§ **DIRECTIONS**
In the entries below, find the lines that contain the word "page" and copy them.

[[ RECORDS SUPPLIED, beginning ]]

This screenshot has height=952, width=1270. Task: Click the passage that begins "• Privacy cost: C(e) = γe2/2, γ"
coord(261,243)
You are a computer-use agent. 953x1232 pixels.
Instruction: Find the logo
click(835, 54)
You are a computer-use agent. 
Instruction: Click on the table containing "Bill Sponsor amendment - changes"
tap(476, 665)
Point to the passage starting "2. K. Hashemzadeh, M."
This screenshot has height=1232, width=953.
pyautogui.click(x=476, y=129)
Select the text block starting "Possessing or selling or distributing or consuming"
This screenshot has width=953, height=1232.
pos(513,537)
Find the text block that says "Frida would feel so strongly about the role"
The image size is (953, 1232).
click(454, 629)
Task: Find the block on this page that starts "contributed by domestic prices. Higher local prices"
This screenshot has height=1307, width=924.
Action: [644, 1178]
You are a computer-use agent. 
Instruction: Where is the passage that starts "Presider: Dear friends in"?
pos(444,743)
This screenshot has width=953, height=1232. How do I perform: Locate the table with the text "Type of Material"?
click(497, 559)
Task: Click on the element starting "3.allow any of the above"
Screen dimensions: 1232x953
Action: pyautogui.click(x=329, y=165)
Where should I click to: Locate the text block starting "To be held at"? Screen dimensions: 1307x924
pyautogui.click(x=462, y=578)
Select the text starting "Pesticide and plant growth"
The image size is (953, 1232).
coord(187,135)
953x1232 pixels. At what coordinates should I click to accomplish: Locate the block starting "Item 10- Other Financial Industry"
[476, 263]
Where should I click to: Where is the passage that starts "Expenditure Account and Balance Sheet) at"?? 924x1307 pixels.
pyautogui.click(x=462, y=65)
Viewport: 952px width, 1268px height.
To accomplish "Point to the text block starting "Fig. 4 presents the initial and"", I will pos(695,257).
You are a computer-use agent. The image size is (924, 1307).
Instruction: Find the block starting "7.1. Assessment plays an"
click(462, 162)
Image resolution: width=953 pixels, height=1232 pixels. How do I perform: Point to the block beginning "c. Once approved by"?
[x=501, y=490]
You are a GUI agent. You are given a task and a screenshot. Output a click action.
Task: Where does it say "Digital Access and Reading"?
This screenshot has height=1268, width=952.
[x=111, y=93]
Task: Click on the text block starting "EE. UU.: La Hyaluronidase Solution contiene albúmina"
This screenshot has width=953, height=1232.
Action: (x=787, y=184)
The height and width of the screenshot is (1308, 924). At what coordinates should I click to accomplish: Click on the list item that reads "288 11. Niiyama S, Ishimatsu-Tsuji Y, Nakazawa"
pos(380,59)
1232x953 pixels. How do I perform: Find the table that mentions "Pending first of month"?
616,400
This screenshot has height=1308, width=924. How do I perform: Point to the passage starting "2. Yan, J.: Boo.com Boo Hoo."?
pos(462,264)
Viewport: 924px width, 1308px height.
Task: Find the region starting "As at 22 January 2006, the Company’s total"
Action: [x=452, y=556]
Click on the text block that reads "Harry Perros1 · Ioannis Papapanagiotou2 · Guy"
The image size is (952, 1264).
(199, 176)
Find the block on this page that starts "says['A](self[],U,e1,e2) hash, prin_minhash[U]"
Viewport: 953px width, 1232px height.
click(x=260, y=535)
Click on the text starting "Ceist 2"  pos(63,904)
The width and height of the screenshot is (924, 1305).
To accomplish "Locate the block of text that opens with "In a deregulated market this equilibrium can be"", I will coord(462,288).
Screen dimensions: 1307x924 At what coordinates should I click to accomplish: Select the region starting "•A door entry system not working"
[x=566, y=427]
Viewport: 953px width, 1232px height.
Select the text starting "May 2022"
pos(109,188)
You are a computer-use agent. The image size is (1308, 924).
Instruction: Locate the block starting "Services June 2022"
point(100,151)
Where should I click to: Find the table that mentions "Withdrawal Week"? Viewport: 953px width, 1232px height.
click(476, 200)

[[ RECORDS SUPPLIED, end ]]

§ **EXERCISE OUTPUT**
Task: Find the block on this page that starts "contributed by domestic prices. Higher local prices"
Find the block on this page that starts "says['A](self[],U,e1,e2) hash, prin_minhash[U]"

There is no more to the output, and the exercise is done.